◆ WHAT YOU ARE ASKED TO DO: Once the pictures are set aside, reproduce the entries below exactly.

◆ DATA EXTRACTS:
· · · · ·
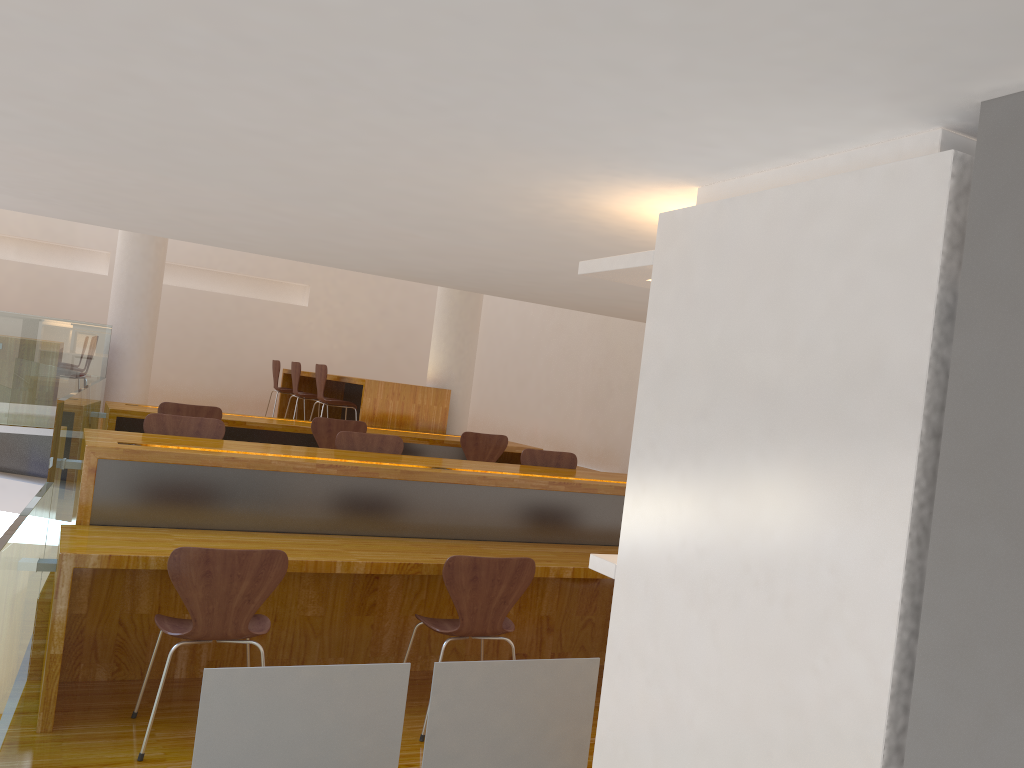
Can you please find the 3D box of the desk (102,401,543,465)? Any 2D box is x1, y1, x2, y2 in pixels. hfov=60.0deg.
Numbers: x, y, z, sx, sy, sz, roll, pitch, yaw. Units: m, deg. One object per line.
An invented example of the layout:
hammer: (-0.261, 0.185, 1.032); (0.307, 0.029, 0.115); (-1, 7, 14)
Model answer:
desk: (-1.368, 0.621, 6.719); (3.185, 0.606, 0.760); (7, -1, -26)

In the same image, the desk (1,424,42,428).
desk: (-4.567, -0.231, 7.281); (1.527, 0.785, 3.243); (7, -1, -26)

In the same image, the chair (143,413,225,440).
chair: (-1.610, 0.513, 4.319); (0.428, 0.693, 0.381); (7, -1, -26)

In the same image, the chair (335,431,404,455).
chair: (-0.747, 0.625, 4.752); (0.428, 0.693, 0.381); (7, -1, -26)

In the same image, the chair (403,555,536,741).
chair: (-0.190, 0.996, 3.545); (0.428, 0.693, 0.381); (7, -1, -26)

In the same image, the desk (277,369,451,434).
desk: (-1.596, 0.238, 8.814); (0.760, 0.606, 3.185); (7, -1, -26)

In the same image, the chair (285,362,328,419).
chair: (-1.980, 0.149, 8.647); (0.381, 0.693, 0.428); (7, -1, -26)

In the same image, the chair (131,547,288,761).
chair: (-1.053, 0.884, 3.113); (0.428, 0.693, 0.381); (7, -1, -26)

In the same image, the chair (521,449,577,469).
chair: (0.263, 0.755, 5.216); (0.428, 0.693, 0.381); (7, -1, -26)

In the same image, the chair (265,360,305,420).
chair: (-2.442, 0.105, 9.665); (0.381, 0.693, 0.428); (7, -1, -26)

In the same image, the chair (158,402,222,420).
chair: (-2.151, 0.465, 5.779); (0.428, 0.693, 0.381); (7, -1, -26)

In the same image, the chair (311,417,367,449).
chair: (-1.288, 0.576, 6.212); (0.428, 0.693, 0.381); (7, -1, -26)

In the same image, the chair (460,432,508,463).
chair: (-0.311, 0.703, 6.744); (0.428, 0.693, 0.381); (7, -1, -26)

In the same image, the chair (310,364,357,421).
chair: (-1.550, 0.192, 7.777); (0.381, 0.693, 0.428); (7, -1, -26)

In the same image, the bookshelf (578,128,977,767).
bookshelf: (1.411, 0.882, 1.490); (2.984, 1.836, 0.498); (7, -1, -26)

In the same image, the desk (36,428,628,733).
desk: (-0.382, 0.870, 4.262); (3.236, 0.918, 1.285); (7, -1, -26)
· · · · ·
◆ EXERCISE ANSWER:
Can you please find the 3D box of the desk (102,401,543,465)? Any 2D box is x1, y1, x2, y2 in pixels. hfov=60.0deg.
Numbers: x, y, z, sx, sy, sz, roll, pitch, yaw. Units: m, deg. One object per line.
An invented example of the layout:
hammer: (-0.261, 0.185, 1.032); (0.307, 0.029, 0.115); (-1, 7, 14)
Model answer:
desk: (-1.368, 0.621, 6.719); (3.185, 0.606, 0.760); (7, -1, -26)

In the same image, the desk (1,424,42,428).
desk: (-4.567, -0.231, 7.281); (1.527, 0.785, 3.243); (7, -1, -26)

In the same image, the chair (143,413,225,440).
chair: (-1.610, 0.513, 4.319); (0.428, 0.693, 0.381); (7, -1, -26)

In the same image, the chair (335,431,404,455).
chair: (-0.747, 0.625, 4.752); (0.428, 0.693, 0.381); (7, -1, -26)

In the same image, the chair (403,555,536,741).
chair: (-0.190, 0.996, 3.545); (0.428, 0.693, 0.381); (7, -1, -26)

In the same image, the desk (277,369,451,434).
desk: (-1.596, 0.238, 8.814); (0.760, 0.606, 3.185); (7, -1, -26)

In the same image, the chair (285,362,328,419).
chair: (-1.980, 0.149, 8.647); (0.381, 0.693, 0.428); (7, -1, -26)

In the same image, the chair (131,547,288,761).
chair: (-1.053, 0.884, 3.113); (0.428, 0.693, 0.381); (7, -1, -26)

In the same image, the chair (521,449,577,469).
chair: (0.263, 0.755, 5.216); (0.428, 0.693, 0.381); (7, -1, -26)

In the same image, the chair (265,360,305,420).
chair: (-2.442, 0.105, 9.665); (0.381, 0.693, 0.428); (7, -1, -26)

In the same image, the chair (158,402,222,420).
chair: (-2.151, 0.465, 5.779); (0.428, 0.693, 0.381); (7, -1, -26)

In the same image, the chair (311,417,367,449).
chair: (-1.288, 0.576, 6.212); (0.428, 0.693, 0.381); (7, -1, -26)

In the same image, the chair (460,432,508,463).
chair: (-0.311, 0.703, 6.744); (0.428, 0.693, 0.381); (7, -1, -26)

In the same image, the chair (310,364,357,421).
chair: (-1.550, 0.192, 7.777); (0.381, 0.693, 0.428); (7, -1, -26)

In the same image, the bookshelf (578,128,977,767).
bookshelf: (1.411, 0.882, 1.490); (2.984, 1.836, 0.498); (7, -1, -26)

In the same image, the desk (36,428,628,733).
desk: (-0.382, 0.870, 4.262); (3.236, 0.918, 1.285); (7, -1, -26)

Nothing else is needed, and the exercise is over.